For Marx, these categories were concrete: money, for example, or commodities. Indeed, the opening chapters of Capital concerning the commodities are an unpacking of the contradictions inherent in what seems like a simple concept, the contradiction between use-value and exchange-value that gives the commodity its dynamism. For Marx, the contradictions significant to the category are social, and so the category becomes representative of the very real contradictions of society at a given moment.

Which brings me to the library, which is itself a category produced out of contradictions, antagonisms, and mediations. It is not a simple thing, complete and unchanging - which would be the Platonic view of a category - but a snapshot of a constantly-moving system of social relations each in contradiction to another. So it is unsurprising that, at various moments, the social contradictions appear as crises within the history of the category. Often these crises are insufficient to completely revolutionize the category, but in the end radical transformation of the category itself is assured (this, in a nutshell, is the Marxist theory of revolution).

One such crisis, I would argue, attended the Toronto Public Library last night, when one of their bookable public spaces was used to host a memorial for Barbara Kulaszka, a lawyer who defended, among other people, the Holocaust-denier Ernst Zundel. According to the Torontoist, “The memorial will have speakers like Marc Lemire, former president of the Heritage Front, a neo-Nazi group; Christian Klein, who says Germans were the real victims of WWII and that Jews ran camps where Germans were tortured and murdered; and Paul Fromm, Canada’s most prominent white supremacist of the generation left standing”.

The memorial has garnered criticism from the Centre for Israel and Jewish Affairs, the Friends of Simon Wiesenthal Centre. A statement from the library states that a) “the library accepts bookings… that are in accordance with the law and the library’s Rules of Conduct” and b) “using library space… does not imply any endorsement”.

The fact that the event garnered criticism, as well as the fact that white supremacist organizations have recently become more public in their activities, are social antagonisms which, in their contradictions, effect changes in social categories, like the public library. The public library is different now than it was a day ago, just as society is different from when its room-booking policies were framed.

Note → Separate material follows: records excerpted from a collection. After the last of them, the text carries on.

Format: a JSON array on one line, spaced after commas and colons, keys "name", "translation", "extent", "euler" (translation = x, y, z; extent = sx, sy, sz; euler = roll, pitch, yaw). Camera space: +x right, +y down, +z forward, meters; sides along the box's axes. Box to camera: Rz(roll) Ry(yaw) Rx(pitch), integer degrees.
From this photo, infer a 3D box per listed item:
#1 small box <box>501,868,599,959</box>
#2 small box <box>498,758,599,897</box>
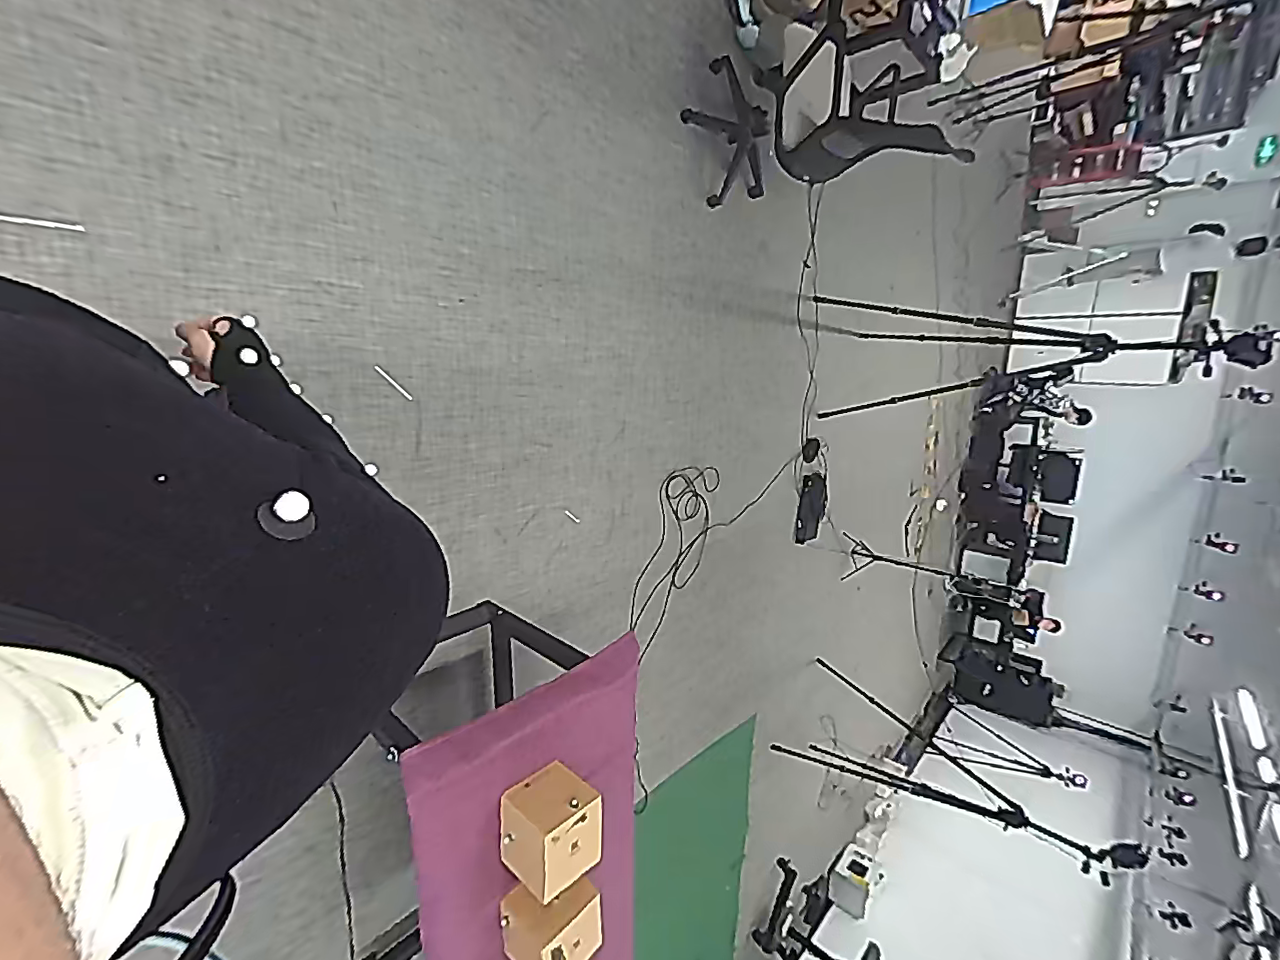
[{"name": "small box", "translation": [-0.222, 1.058, 1.313], "extent": [0.179, 0.176, 0.168], "euler": [-17, 111, -46]}, {"name": "small box", "translation": [-0.215, 0.797, 1.259], "extent": [0.168, 0.176, 0.179], "euler": [-10, 107, -48]}]
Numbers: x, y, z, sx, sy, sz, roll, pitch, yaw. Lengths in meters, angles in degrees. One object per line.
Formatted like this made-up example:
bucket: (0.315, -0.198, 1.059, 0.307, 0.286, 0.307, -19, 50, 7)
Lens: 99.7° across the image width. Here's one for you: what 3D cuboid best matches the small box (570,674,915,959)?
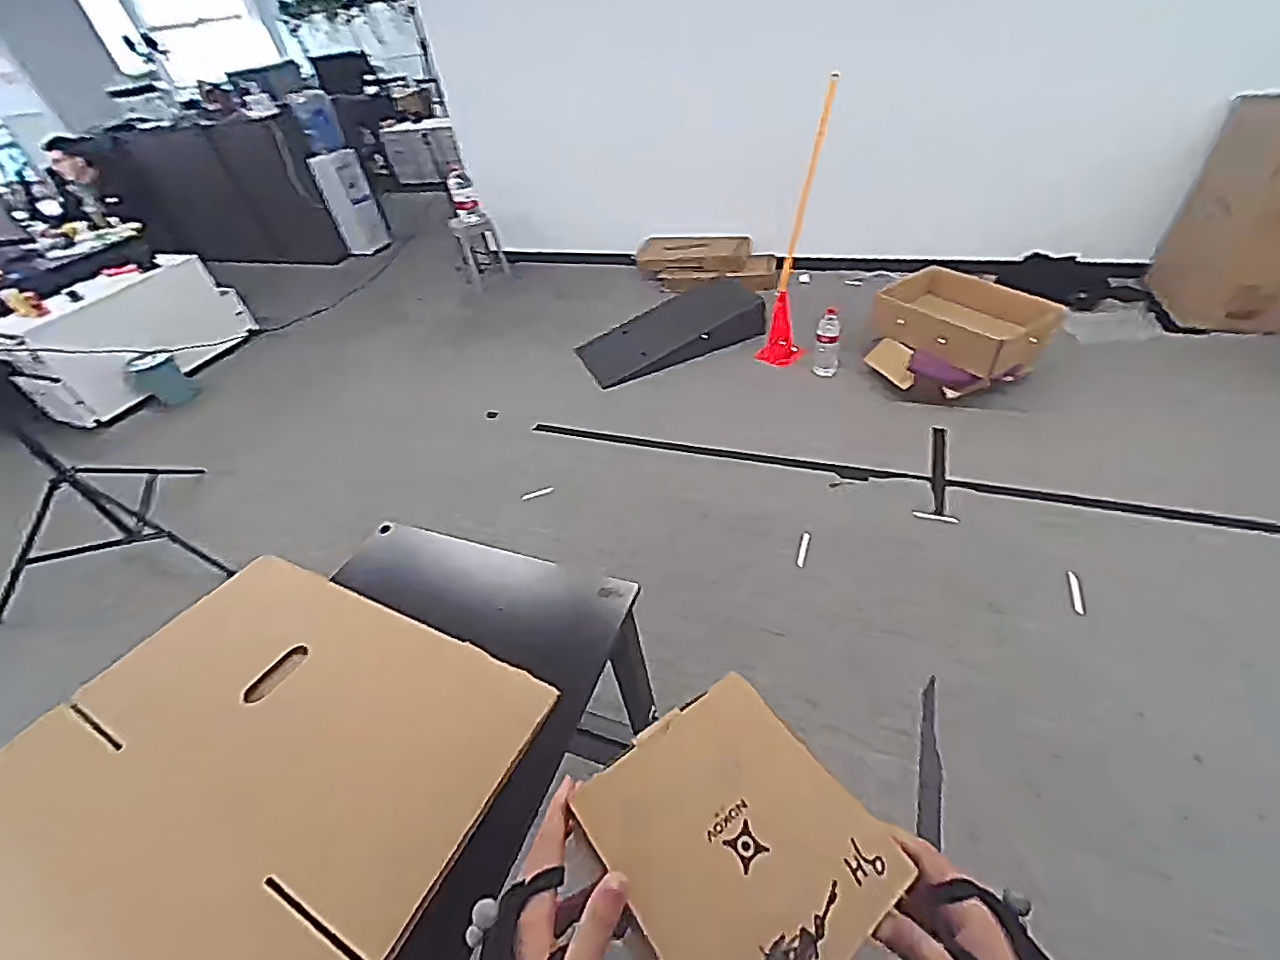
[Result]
small box: (0.061, 0.296, 0.416, 0.168, 0.176, 0.179, -26, 49, -28)
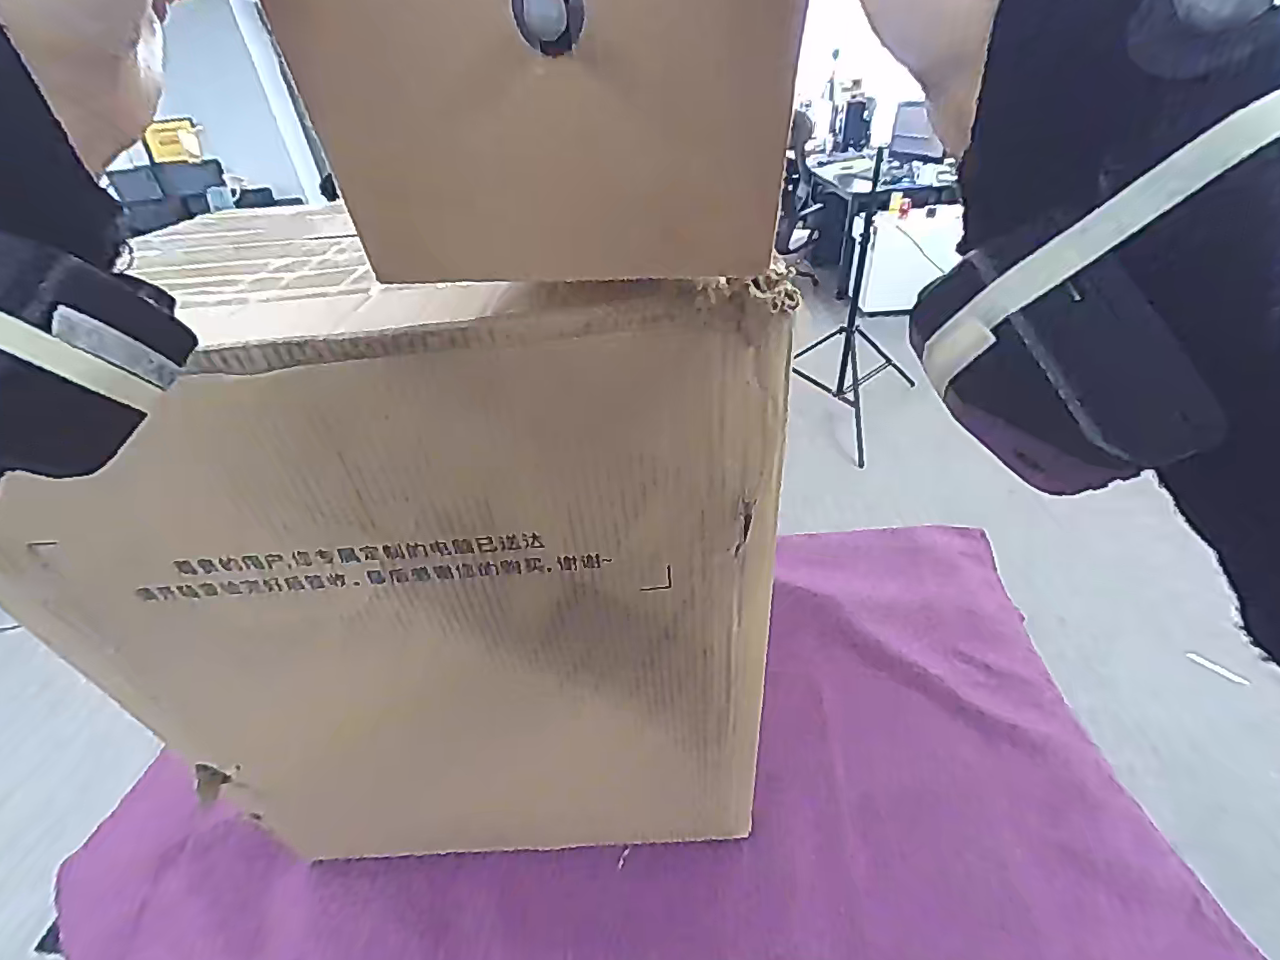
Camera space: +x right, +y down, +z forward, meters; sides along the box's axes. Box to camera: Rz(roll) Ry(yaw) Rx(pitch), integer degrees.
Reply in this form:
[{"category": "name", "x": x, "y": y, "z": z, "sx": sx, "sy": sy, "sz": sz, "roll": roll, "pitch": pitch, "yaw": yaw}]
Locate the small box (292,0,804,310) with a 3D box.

This is one of the difficulties involved in framing library values; it could be argued that values, if specific enough (and they need to be specific), are outdated almost as soon as they are set down. But another, more egregious problem, is that organizational values - especially those of a state institution - have to posit a universalizing view of society in order to create consensus and maintain hegemony. In this sense, institutional values are often (always?) little more than propaganda. Put another way, institutional values are ideological. But this raises yet another contradiction, since library values, for example, are specifically meant to be non-ideological. A good example is the ALA Code of Ethics, which purports to specifically exclude individual ideology from library work, implying that the library itself is above ideological considerations.

David Harvey, in his first major work, Social Justice and the City, distinguished between two kinds of ideology: “Marx gives a specific meaning to ideology - he regards it as an unaware expression of the underlying ideas and beliefs which attach to a particular social situation, in contrast to the aware and critical exposition of ideas in their social context which is frequently called ideology in the west” (18).

What we see in the value statements put out by libraries, or in the ALA Code of Ethics, is ideology in the first sense, ideology that is unaware that it is ideology, and that its ideology is liberalism. On the other hand, movements like PLG, #critlib, and unaligned work such as that on updating the LCSH headings to reflect something other than the dominant liberal ideology, are examples of the second kind of ideology.

Barbara Goodwin, in Using Political Ideas writes that “in Britain we imbibe liberal ideas effortlessly from an early age, with the result that liberalism appears as a necessary truth, the basis of reality, rather than as one political ideology among many” (35). In addition to underpinning the notion of “neutrality” that continues to underpin so many library narratives, liberalism also supplies the concept of pluralism to the dominant ideology of librarianship. The notion of an “ideology of librarianship” must seem laughable to, for example, the framers of the ALA Code of Ethics, which attempts to enshrine the concept of value-neutrality by explicitly denying the relevance of ideologies to library work. The fact that the ALA Code of Ethics, like most normative ethics which support the status quo does not need to mention its liberal presumptions is merely a testament to liberalism’s hegemony: it is such a “necessary truth” that it can allow itself to remain unmarked.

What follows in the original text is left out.